[Records from a data collection]
------------------------------

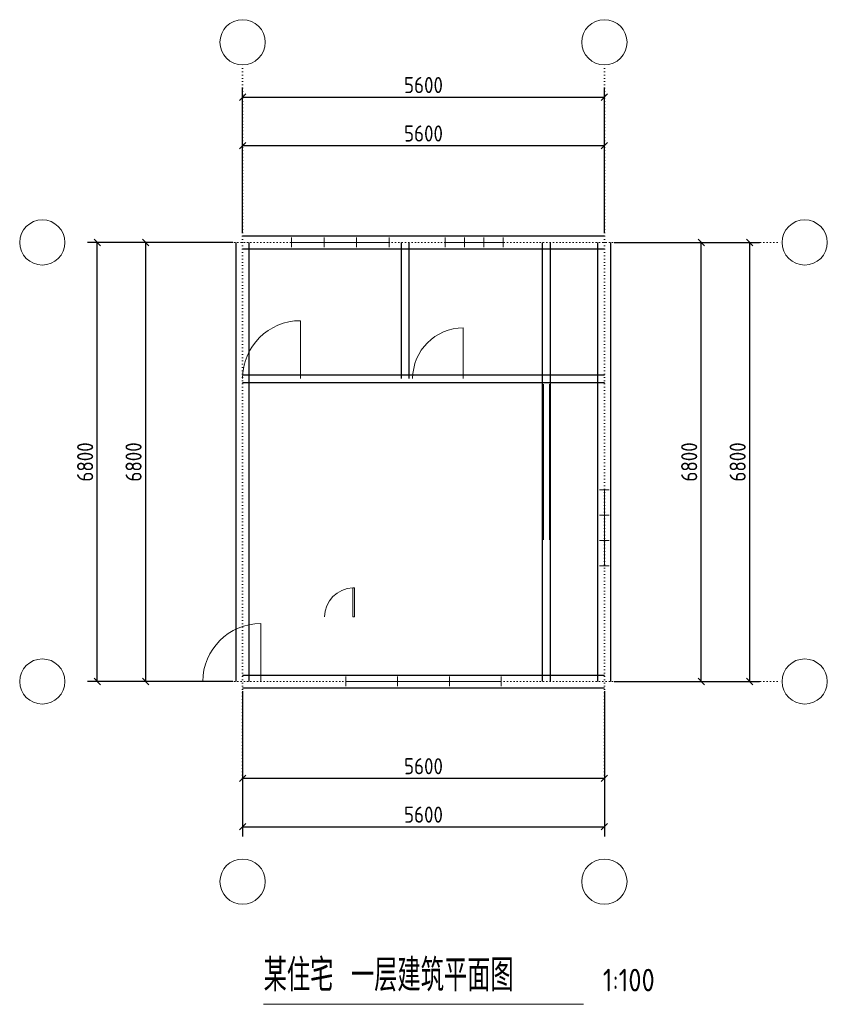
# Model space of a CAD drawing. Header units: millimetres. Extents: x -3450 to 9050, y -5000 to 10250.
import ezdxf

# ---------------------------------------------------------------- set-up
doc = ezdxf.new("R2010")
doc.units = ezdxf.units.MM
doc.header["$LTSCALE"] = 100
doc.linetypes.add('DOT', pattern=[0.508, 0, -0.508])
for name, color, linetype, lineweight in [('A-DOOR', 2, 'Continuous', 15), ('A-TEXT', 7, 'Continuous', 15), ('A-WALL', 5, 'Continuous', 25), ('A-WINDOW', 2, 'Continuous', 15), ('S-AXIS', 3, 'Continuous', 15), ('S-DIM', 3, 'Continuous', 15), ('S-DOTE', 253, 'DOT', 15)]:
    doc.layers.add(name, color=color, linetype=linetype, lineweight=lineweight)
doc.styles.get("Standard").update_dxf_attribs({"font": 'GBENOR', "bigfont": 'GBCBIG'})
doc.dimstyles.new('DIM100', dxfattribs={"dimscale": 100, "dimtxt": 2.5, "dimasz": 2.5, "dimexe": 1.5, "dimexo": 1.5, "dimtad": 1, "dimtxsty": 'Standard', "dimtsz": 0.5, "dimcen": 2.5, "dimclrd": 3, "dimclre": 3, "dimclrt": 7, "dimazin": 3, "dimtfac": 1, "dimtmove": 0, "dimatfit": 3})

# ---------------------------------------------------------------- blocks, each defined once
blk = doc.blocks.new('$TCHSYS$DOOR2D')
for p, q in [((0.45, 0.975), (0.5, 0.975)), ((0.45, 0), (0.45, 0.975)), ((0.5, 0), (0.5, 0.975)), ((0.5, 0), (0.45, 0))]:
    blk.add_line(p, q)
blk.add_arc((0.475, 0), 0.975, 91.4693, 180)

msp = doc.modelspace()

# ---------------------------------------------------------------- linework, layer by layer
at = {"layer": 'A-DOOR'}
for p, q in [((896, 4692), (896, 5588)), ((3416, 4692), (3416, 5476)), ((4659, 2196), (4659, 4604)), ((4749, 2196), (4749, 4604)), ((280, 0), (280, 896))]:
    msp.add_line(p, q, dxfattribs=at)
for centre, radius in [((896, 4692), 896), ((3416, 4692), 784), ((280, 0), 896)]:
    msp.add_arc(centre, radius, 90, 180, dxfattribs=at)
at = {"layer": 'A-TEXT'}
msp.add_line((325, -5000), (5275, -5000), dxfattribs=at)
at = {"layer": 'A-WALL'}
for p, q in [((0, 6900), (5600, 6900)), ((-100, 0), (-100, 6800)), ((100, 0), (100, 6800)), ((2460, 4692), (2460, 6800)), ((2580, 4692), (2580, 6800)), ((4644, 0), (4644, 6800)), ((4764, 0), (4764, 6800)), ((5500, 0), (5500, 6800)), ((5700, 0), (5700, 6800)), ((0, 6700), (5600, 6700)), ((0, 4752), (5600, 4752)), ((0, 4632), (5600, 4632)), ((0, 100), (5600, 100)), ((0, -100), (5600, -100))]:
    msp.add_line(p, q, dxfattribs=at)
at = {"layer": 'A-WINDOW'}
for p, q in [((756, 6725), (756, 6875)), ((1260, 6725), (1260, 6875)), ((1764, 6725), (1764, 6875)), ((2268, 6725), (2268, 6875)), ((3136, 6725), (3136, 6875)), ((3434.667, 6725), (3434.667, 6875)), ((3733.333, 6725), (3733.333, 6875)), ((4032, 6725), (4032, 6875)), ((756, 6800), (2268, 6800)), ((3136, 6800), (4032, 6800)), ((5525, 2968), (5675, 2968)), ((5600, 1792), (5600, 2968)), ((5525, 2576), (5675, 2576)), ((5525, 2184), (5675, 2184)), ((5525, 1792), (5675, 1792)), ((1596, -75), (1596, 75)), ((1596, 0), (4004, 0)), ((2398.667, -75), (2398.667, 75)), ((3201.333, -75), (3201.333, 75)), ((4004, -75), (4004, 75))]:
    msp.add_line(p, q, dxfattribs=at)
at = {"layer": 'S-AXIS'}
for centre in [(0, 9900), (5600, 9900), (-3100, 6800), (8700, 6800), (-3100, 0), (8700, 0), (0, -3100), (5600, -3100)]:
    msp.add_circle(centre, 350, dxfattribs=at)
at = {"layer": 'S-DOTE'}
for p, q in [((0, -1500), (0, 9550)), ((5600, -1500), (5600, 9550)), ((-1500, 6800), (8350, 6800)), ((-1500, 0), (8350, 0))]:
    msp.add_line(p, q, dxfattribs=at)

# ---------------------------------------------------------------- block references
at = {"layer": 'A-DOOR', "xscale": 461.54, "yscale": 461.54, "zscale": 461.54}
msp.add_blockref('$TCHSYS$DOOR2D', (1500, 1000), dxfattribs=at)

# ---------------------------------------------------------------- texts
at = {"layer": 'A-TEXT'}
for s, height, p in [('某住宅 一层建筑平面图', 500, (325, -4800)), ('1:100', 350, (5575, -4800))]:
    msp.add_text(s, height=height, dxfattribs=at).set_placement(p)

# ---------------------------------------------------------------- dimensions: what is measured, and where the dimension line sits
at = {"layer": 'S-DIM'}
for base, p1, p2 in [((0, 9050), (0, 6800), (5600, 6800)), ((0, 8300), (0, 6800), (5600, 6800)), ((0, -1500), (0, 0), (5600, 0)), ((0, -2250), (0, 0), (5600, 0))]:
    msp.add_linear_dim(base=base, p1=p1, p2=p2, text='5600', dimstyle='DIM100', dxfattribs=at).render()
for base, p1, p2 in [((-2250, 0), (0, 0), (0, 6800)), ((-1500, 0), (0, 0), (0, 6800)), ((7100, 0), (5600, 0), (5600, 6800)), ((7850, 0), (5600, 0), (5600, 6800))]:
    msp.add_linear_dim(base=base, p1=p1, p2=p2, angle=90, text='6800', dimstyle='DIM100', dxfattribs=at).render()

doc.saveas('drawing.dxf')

------------------------------

_TASK PROMPT_.
Every line in the records above with the string "base" in it should be shown.

_RESPONSE BOX_.
for base, p1, p2 in [((0, 9050), (0, 6800), (5600, 6800)), ((0, 8300), (0, 6800), (5600, 6800)), ((0, -1500), (0, 0), (5600, 0)), ((0, -2250), (0, 0), (5600, 0))]:
    msp.add_linear_dim(base=base, p1=p1, p2=p2, text='5600', dimstyle='DIM100', dxfattribs=at).render()
for base, p1, p2 in [((-2250, 0), (0, 0), (0, 6800)), ((-1500, 0), (0, 0), (0, 6800)), ((7100, 0), (5600, 0), (5600, 6800)), ((7850, 0), (5600, 0), (5600, 6800))]:
    msp.add_linear_dim(base=base, p1=p1, p2=p2, angle=90, text='6800', dimstyle='DIM100', dxfattribs=at).render()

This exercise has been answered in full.